Ilsesee: Wer taucht, soll zahlen

Königsbrunn Hechte, Karpfen und Barsche schwimmen durch den gut bewachsenen See, die Sicht ist gut. Bei Tauchern ist der Ilsesee sehr beliebt - auch, weil sie dort noch kostenlos in die Tiefe gehen können. Die Frage ist, wie lange noch?

"Die Unterwasserwelt und der Fischreichtum sind im Vergleich zu anderen Seen schon etwas Besonderes", sagt der passionierte Taucher Frank Eschrich. Jetzt allerdings fürchtet er um sein Hobby: Die Allgemeinverfügung der Stadt Augsburg läuft im Oktober aus. Verpachtet der Eigentümer, die Firma Lauter aus Bobingen, anschließend die weitere Nutzung, müssen die Taucher wohl dafür zahlen.

Mit ihren Neoprenanzügen, Flossen und Atemgeräten kommen die Sportler von weit her an den See, der an der Grenze zu Königsbrunn auf Augsburger Stadtgebiet liegt - das West- und Südufer gehören zur Brunnenstadt. Denn der Ilsesee ist neben dem Walchensee und dem Starnberger See noch einer der wenigen Gewässer Südbayerns, in dem man kostenfrei tauchen darf.

Die entsprechende Verfügung gilt aber nur noch bis zum 31. Oktober. "Eine Verlängerung bzw. ein Neuerlass dieser Verordnung ist derzeit von der Stadt Augsburg nicht vorgesehen", heißt es. Der Grund: Die Grundstückseigentümer planen "die Ausübung des Tauchens mit Atemgerät zu verpachten bzw. in Form einer eigenen Gesellschaft selber auszuüben.
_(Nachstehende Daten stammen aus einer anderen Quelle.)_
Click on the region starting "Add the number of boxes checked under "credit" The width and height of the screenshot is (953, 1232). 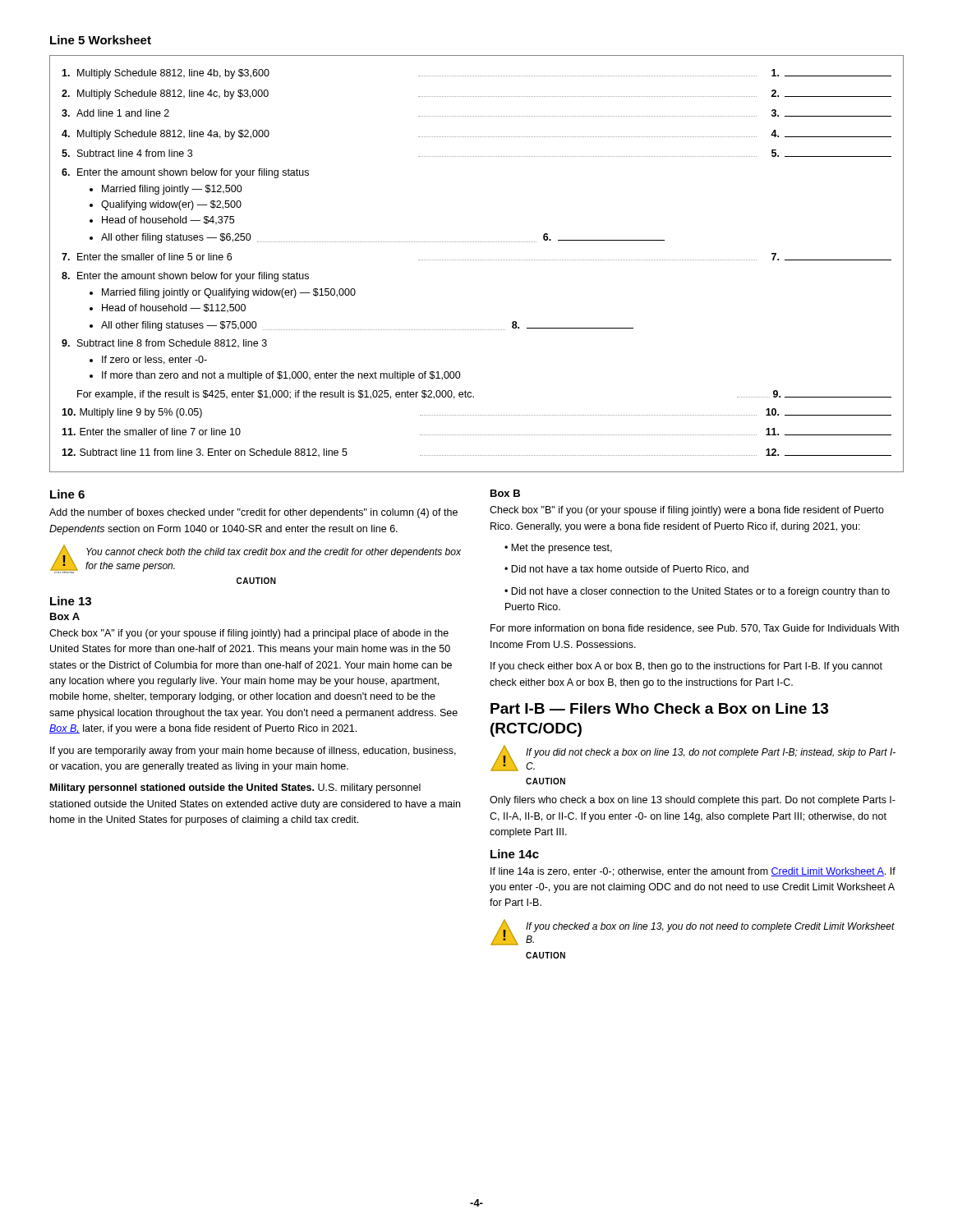click(x=254, y=521)

Dieser Bestrebung der Grundstückseigentümer will sich die Stadt Augsburg nicht verschließen", heißt es weiter.

Ilsesee: Wer taucht, soll zahlen

Der Tauchsportclub Pfützenschnorchler Gersthofen (TSC) hat jetzt eine Aktion gestartet. "Der Ilsesee stellt derzeit das einzig kostenfrei betauchbare Gewässer mit der nötigen Tauchtiefe für Ausbildungstauchgänge in der Region Schwaben dar", begründen sie ihr Anliegen und befürchten ein "regionales Sterben von Tauchsportvereinen und Tauchschulen".

In einer Bittstellung, die der Verein im Internet veröffentlicht hat, berichtet der TSC, dass die Firma Lauter derzeit versucht, unter den Tauchschulen und Vereinen in der Region einen Pächter zu finden, "um über diese Firma zukünftig das Tauchen am Ilsesee kommerziell zu regeln". Laut TSC seien eine Füllstation und Schulungsräume am See geplant. Geschäftsführer Benjamin Lauter will das nicht kommentieren. Eine Entscheidung erwartet er für den Spätsommer. "Es laufen eine Reihe Gespräche mit kompetenten Leuten", sagt er und betont: "Eines ist ganz sicher: Tauchen soll am Ilsesee auch weiterhin möglich sein."